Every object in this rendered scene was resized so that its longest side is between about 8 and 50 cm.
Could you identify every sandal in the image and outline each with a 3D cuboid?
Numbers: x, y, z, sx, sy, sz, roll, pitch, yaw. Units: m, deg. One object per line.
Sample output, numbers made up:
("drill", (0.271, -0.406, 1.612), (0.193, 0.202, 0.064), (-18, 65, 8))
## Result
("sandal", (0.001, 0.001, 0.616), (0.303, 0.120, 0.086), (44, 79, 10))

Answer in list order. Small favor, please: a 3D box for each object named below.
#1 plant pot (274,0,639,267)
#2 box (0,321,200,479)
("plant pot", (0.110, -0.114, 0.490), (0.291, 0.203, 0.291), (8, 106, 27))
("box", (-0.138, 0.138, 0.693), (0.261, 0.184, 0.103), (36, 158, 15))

━━━━━━

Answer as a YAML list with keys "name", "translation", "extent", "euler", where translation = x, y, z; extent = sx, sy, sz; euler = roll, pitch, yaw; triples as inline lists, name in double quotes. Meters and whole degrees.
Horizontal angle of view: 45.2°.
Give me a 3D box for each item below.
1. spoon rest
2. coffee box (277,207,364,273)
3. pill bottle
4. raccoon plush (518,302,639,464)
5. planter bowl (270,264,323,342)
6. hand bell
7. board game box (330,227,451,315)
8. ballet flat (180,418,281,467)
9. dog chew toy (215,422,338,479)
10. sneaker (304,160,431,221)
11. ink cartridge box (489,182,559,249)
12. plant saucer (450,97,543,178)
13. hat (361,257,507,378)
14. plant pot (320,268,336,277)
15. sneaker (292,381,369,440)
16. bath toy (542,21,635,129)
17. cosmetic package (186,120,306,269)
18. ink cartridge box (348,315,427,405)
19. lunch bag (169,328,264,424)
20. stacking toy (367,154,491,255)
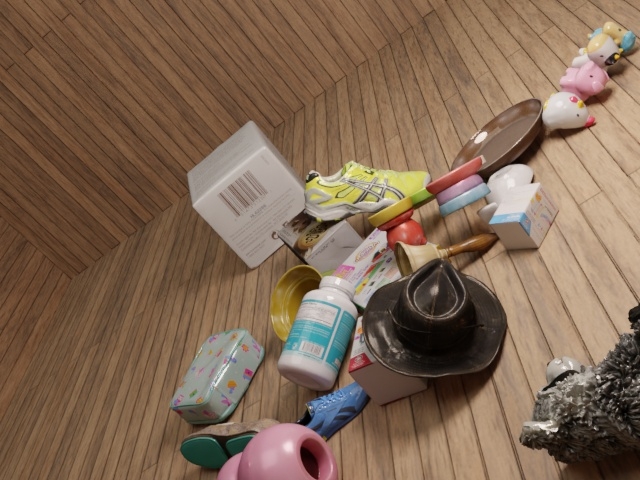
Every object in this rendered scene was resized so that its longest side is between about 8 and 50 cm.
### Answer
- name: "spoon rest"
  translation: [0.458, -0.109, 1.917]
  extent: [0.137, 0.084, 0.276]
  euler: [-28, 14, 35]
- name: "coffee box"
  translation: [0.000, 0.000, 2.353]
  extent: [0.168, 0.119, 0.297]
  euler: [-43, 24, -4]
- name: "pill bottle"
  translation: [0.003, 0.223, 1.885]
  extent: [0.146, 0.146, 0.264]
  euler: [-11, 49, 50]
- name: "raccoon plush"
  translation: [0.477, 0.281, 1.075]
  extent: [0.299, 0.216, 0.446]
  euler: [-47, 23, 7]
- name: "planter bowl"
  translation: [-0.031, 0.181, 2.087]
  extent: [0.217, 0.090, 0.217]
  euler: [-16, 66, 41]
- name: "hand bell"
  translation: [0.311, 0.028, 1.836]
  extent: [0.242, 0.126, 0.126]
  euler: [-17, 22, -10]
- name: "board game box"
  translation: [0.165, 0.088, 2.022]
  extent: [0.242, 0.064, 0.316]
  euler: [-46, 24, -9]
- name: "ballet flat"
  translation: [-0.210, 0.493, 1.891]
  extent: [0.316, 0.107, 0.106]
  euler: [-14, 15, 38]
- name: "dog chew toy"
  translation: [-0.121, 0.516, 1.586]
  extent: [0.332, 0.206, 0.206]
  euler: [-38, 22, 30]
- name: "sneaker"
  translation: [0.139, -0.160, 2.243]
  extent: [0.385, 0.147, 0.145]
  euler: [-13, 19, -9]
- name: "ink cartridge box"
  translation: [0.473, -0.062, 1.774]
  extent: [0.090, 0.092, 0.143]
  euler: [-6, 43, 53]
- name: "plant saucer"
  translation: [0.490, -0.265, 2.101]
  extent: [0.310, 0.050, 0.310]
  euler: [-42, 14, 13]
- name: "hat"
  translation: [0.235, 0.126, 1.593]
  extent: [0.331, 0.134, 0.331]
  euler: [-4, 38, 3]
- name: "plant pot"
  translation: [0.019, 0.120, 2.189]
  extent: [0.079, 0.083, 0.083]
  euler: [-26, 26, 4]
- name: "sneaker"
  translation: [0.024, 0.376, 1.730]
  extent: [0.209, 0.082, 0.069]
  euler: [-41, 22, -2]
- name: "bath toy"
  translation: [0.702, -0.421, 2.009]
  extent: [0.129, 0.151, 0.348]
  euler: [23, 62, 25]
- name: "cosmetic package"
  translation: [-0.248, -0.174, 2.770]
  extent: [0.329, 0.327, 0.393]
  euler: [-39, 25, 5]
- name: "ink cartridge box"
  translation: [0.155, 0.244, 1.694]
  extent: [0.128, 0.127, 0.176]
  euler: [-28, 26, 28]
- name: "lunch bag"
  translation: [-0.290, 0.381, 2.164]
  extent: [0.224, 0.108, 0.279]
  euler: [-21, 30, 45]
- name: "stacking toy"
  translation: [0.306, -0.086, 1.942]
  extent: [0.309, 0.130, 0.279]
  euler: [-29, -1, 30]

━━━━━━

- **PROBLEM STATEMENT**
The lines above from the one containing "Give me a 3D box for each item below." through the one containing "8. ballet flat (180,418,281,467)" are to be set down exactly, and no others.

- **RESPONSE**
Give me a 3D box for each item below.
1. spoon rest
2. coffee box (277,207,364,273)
3. pill bottle
4. raccoon plush (518,302,639,464)
5. planter bowl (270,264,323,342)
6. hand bell
7. board game box (330,227,451,315)
8. ballet flat (180,418,281,467)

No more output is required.